**Work to complete:** Your task is to print all of the data below exactly, with no pictures included.

**Provided records:**

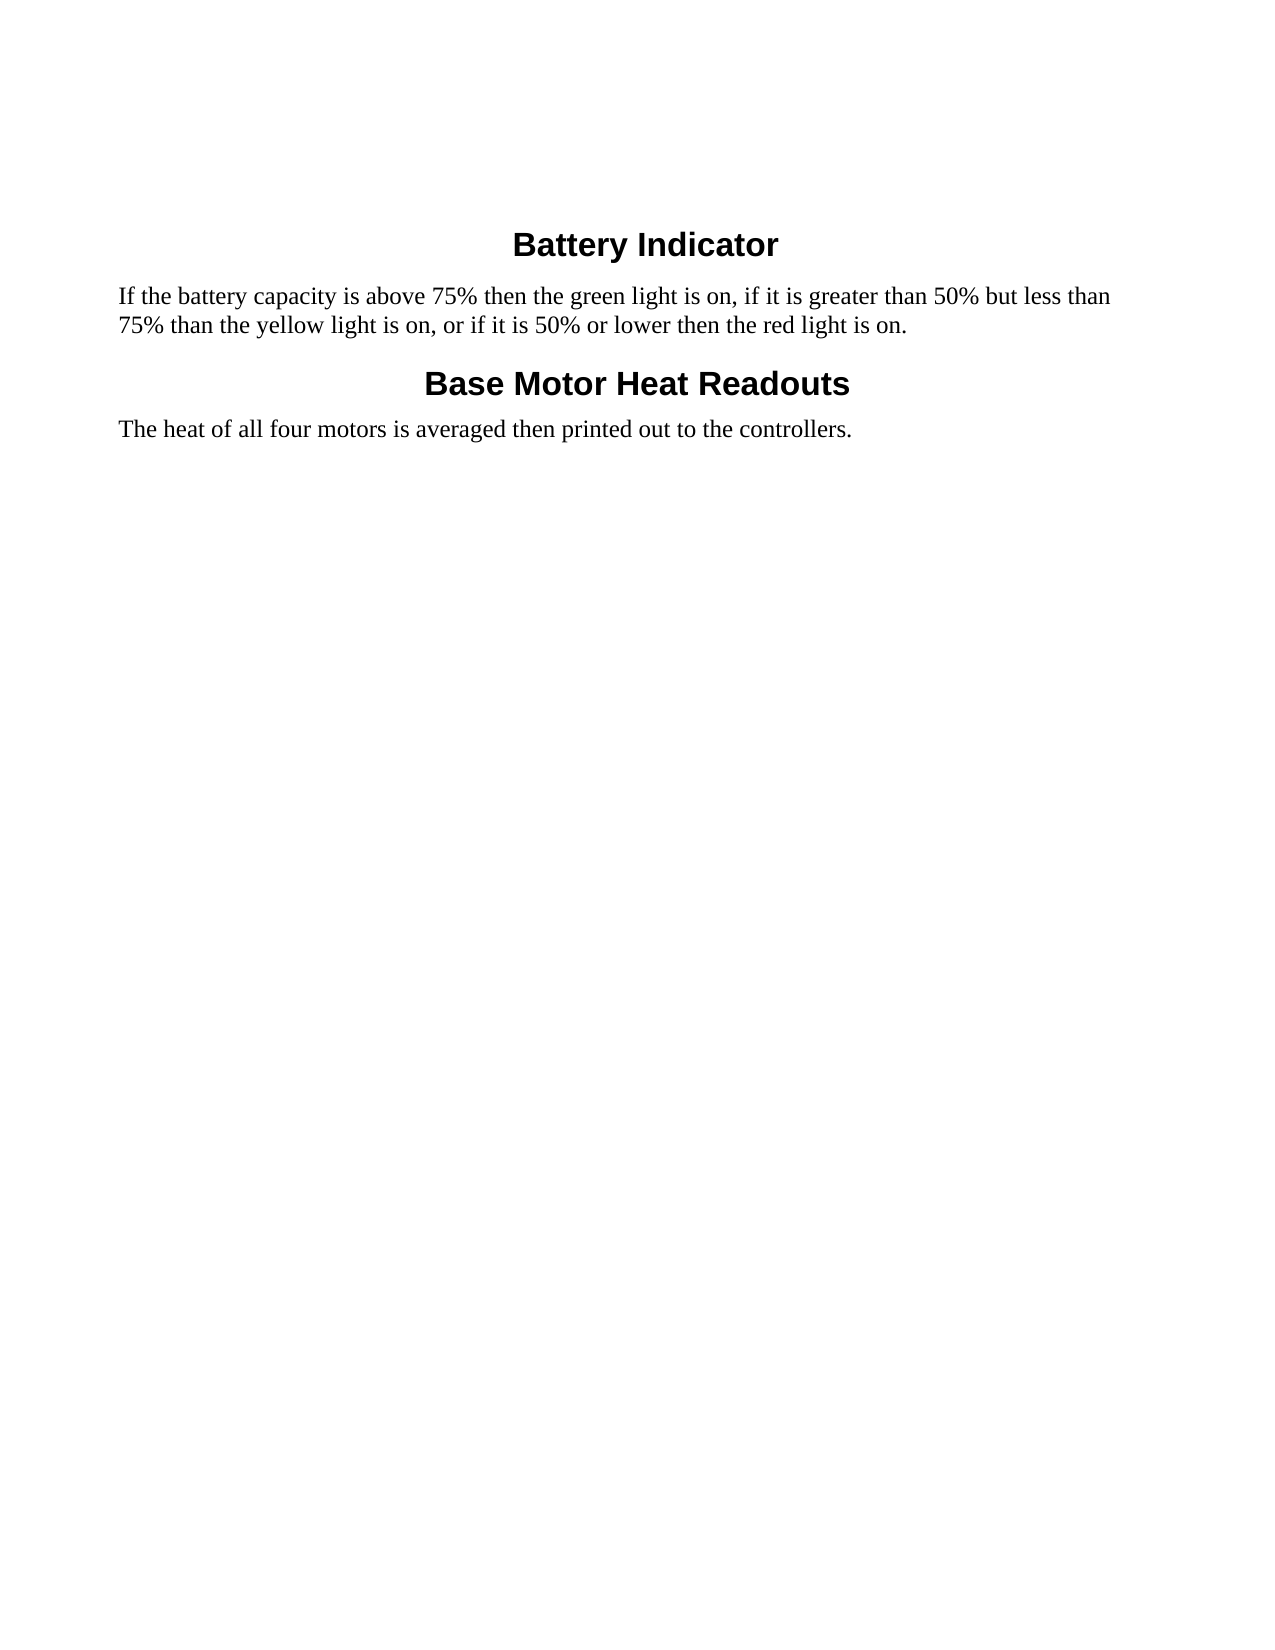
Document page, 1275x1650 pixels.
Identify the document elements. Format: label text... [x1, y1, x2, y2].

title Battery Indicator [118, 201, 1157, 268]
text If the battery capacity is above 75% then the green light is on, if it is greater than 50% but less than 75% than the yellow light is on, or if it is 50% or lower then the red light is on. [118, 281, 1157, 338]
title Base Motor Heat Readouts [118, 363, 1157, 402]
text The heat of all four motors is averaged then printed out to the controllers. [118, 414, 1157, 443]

**Task result:**
Document page, 1275x1650 pixels.
Identify the document elements. Format: label text... [x1, y1, x2, y2].

title Battery Indicator [118, 201, 1157, 268]
text If the battery capacity is above 75% then the green light is on, if it is greater than 50% but less than 75% than the yellow light is on, or if it is 50% or lower then the red light is on. [118, 281, 1157, 338]
title Base Motor Heat Readouts [118, 363, 1157, 402]
text The heat of all four motors is averaged then printed out to the controllers. [118, 414, 1157, 443]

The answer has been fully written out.